2GO or 2GO Sea Solutions, also known as 2GO Travel, is a passenger ferry company based in Manila, Philippines, the shipping and passenger ferry arm of 2GO Group, and the only remaining Manila-based major interisland passenger ferry company, with its main hub located in Pier 4 at the Manila North Harbor.

The company was formed in 2012 following a significant realignment of ferry transportation in the Philippines in which the brands SuperFerry, Cebu Ferries and SuperCat under the Aboitiz Transport System was purchased by Negros Navigation for US$105 million. At the same time, a unit of China-Asean Investment Cooperation Fund, a Netherlands-based, private equity firm wholly owned by the Chinese government, took a controlling stake in Negros Navigation through an equity infusion. Because Negros Navigation was a privately held firm the exact amount invested by the Fund was not disclosed.
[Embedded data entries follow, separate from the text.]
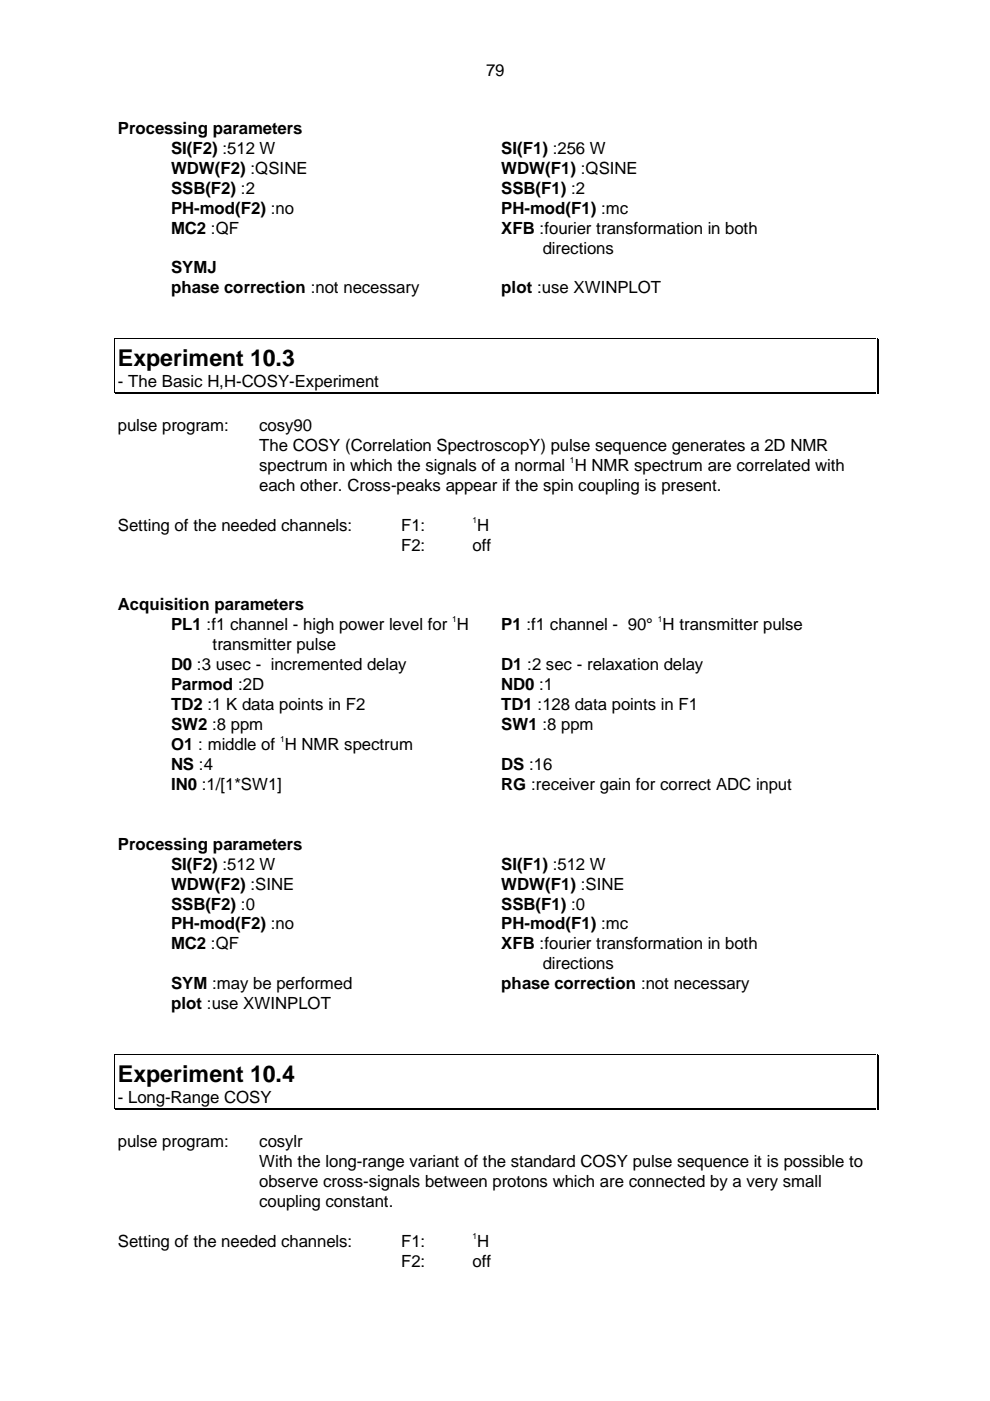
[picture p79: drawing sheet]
<svg xmlns="http://www.w3.org/2000/svg" width="210mm" height="297mm" viewBox="0 0 210 297" stroke-linecap="round" stroke-linejoin="round" font-family="sans-serif">
<defs><g id="words">
<g font-size="4.9">
<text x="25" y="77.5">Experiment 10.3</text>
<text x="25" y="229.3">Experiment 10.4</text>
</g>
<g font-size="3.6">
<text x="103.1" y="16.1">79</text>
<text x="25" y="28.4">Processing parameters</text>
<text x="36.3" y="32.6">SI(F2) :512 W</text>
<text x="106.3" y="32.6">SI(F1) :256 W</text>
<text x="36.3" y="41.1">SSB(F2) :2</text>
<text x="36.3" y="36.9">WDW(F2) :QSINE</text>
<text x="106.3" y="41.1">SSB(F1) :2</text>
<text x="106.3" y="36.9">WDW(F1) :QSINE</text>
<text x="36.3" y="45.3">PH-mod(F2) :no</text>
<text x="106.3" y="45.3">PH-mod(F1) :mc</text>
<text x="36.3" y="49.6">MC2 :QF</text>
<text x="106.3" y="49.6">XFB :fourier transformation in both</text>
<text x="115.1" y="53.8">directions</text>
<text x="36.3" y="58">SYMJ</text>
<text x="36.3" y="62.2">phase correction :not necessary</text>
<text x="106.3" y="62.2">plot :use XWINPLOT</text>
<text x="25" y="82.1">- The Basic H,H-COSY-Experiment</text>
<text x="25" y="91.4">pulse program:</text>
<text x="55" y="95.6">The COSY (Correlation SpectroscopY) pulse sequence generates a 2D NMR</text>
<text x="55" y="91.4">cosy90</text>
<text x="55" y="99.9">spectrum in which the signals of a normal H NMR spectrum are correlated with</text>
<text x="55" y="104.1">each other. Cross-peaks appear if the spin coupling is present.</text>
<text x="25" y="112.6">Setting of the needed channels:</text>
<text x="85" y="112.6">F1:</text>
<text x="101.2" y="112.6">H</text>
<text x="85" y="116.8">F2:</text>
<text x="100.2" y="116.8">off</text>
<text x="25" y="129.4">Acquisition parameters</text>
<text x="36.3" y="133.7">PL1 :f1 channel - high power level for H</text>
<text x="45.1" y="137.9">transmitter pulse</text>
<text x="106.3" y="133.7">P1 :f1 channel - 90° H transmitter pulse</text>
<text x="36.3" y="142.1">D0 :3 usec - incremented delay</text>
<text x="106.3" y="142.1">D1 :2 sec - relaxation delay</text>
<text x="36.3" y="146.4">Parmod :2D</text>
<text x="106.3" y="146.4">ND0 :1</text>
<text x="36.3" y="154.8">SW2 :8 ppm</text>
<text x="36.3" y="150.6">TD2 :1 K data points in F2</text>
<text x="106.3" y="150.6">TD1 :128 data points in F1</text>
<text x="106.3" y="154.8">SW1 :8 ppm</text>
<text x="36.3" y="159.1">O1 : middle of H NMR spectrum</text>
<text x="36.3" y="163.3">NS :4</text>
<text x="36.3" y="167.5">IN0 :1/[1*SW1]</text>
<text x="106.3" y="163.3">DS :16</text>
<text x="106.3" y="167.5">RG :receiver gain for correct ADC input</text>
<text x="25" y="180.1">Processing parameters</text>
<text x="36.3" y="184.4">SI(F2) :512 W</text>
<text x="106.3" y="184.4">SI(F1) :512 W</text>
<text x="36.3" y="188.6">WDW(F2) :SINE</text>
<text x="106.3" y="188.6">WDW(F1) :SINE</text>
<text x="36.3" y="197.1">PH-mod(F2) :no</text>
<text x="36.3" y="192.8">SSB(F2) :0</text>
<text x="106.3" y="197.1">PH-mod(F1) :mc</text>
<text x="106.3" y="192.8">SSB(F1) :0</text>
<text x="36.3" y="201.3">MC2 :QF</text>
<text x="106.3" y="201.3">XFB :fourier transformation in both</text>
<text x="36.3" y="209.8">SYM :may be performed</text>
<text x="106.3" y="209.8">phase correction :not necessary</text>
<text x="115.1" y="205.5">directions</text>
<text x="36.3" y="214">plot :use XWINPLOT</text>
<text x="25" y="233.9">- Long-Range COSY</text>
<text x="25" y="243.2">pulse program:</text>
<text x="55" y="243.2">cosylr</text>
<text x="55" y="247.4">With the long-range variant of the standard COSY pulse sequence it is possible to</text>
<text x="55" y="251.7">observe cross-signals between protons which are connected by a very small</text>
<text x="55" y="255.9">coupling constant.</text>
<text x="25" y="264.4">Setting of the needed channels:</text>
<text x="85" y="264.4">F1:</text>
<text x="85" y="268.6">F2:</text>
<text x="100.2" y="268.6">off</text>
<text x="101.2" y="264.4">H</text>
</g>
<g font-size="1.8">
<text x="120.8" y="98.1">1</text>
<text x="100.2" y="110.8">1</text>
<text x="95.9" y="131.9">1</text>
<text x="139.5" y="131.9">1</text>
<text x="59.4" y="157.3">1</text>
<text x="100.2" y="262.6">1</text>
</g>
</g></defs>
<path d="M24.2 71.7h.2v.1h-.2zM185.9 71.7h.1v.1h-.1zM24.2 83.2h.2v.2h-.2zM185.9 83.4h.4v.2h-.4zM185.9 83.2h.1v.2h-.1zM186.1 83.2h.2v.4h-.2zM24.2 223.5h.2v.2h-.2zM24.2 235h.2v.2h-.2zM185.9 223.5h.1v.2h-.1zM185.9 235.3h.4v.1h-.4zM185.9 235h.1v.2h-.1zM186.1 235h.2v.4h-.2z" fill="#000"/>
<g fill="none" stroke="#000" stroke-width=".21">
<path d="M24.3 71.9v6.6M24.3 78.6v4.5M24.5 71.8h161.3M185.9 71.9v6.6M185.9 78.6v4.5M186.2 71.9v6.6M186.2 78.6v4.5M24.5 83.3h161.3M24.5 83.5h161.3M24.3 223.7v6.6M24.3 230.4v4.5M24.5 223.6h161.3"/>
<path d="M24.5 235.1h161.3M24.5 235.3h161.3M185.9 223.7v6.6M185.9 230.4v4.5M186.2 223.7v6.6M186.2 230.4v4.5"/>
</g>
<use href="#words"/>
</svg>

2GO, previously as a logistics arm of Aboitiz Transport System, is now one of the major operator of inter-island vessels in the country, which as of mid-2021 has a total of 10 operating vessels. It has a total passenger capacity of 7,450,162 passengers and an aggregate cargo capacity of 338,305 twenty-foot equivalent units.

History

SuperFerry

SuperFerry, founded as Aboitiz Shipping Company, later Aboitiz SuperFerry was one of the largest ferry companies in the Philippines before it was purchased by Negros Navigation. The shipping company was known in the 1990s as William, Gothong & Aboitiz (WG&A Philippines), where the latter eventually bought the entire shares of WG&A consortium from William Lines and Gothong Lines Group leaving the full control of the company to Aboitiz. The Gothong Group restarted its own shipping company called Carlos A. Gothong Lines (CAGLI), while the William Group opted to concentrate on its logistics, warehousing, and courier business, called Fast Logistics. SuperFerry and its sister companies SuperCat and Cebu Ferries were eventually merged with Negros Navigation where the latter bought all the shares of Aboitiz Transport System and relaunched in 2012 as 2GO Travel. The SuperFerry brand was subsequently retired after the merger.

Negros Navigation

Negros Navigation Co., Inc. (NENACO) was one of the oldest domestic shipping companies in the Philippines. It was organized and registered with the Securities and Exchange Commission (SEC) on July 26, 1932, for the purpose of transporting passengers and cargo at ports of call in the Philippines. In the 1960s Nenaco was the first among the domestic shipping companies to operate brand new, fast, and luxurious air-conditioned passenger ships. Throughout the 1970s & 1980s, NENACO constructed and operated a modern passenger terminal in Manila's North Harbor and pioneered in offering special cruises to the Philippine tourist spots using its coastwise vessels. Nenaco also launched its containerization program and ushered a new industry trend on the use of roll-on roll-off (“RORO”) vessels. It used to deploy shuttle buses in Baclaran, Cubao and Alabang which takes passengers to the pier terminal.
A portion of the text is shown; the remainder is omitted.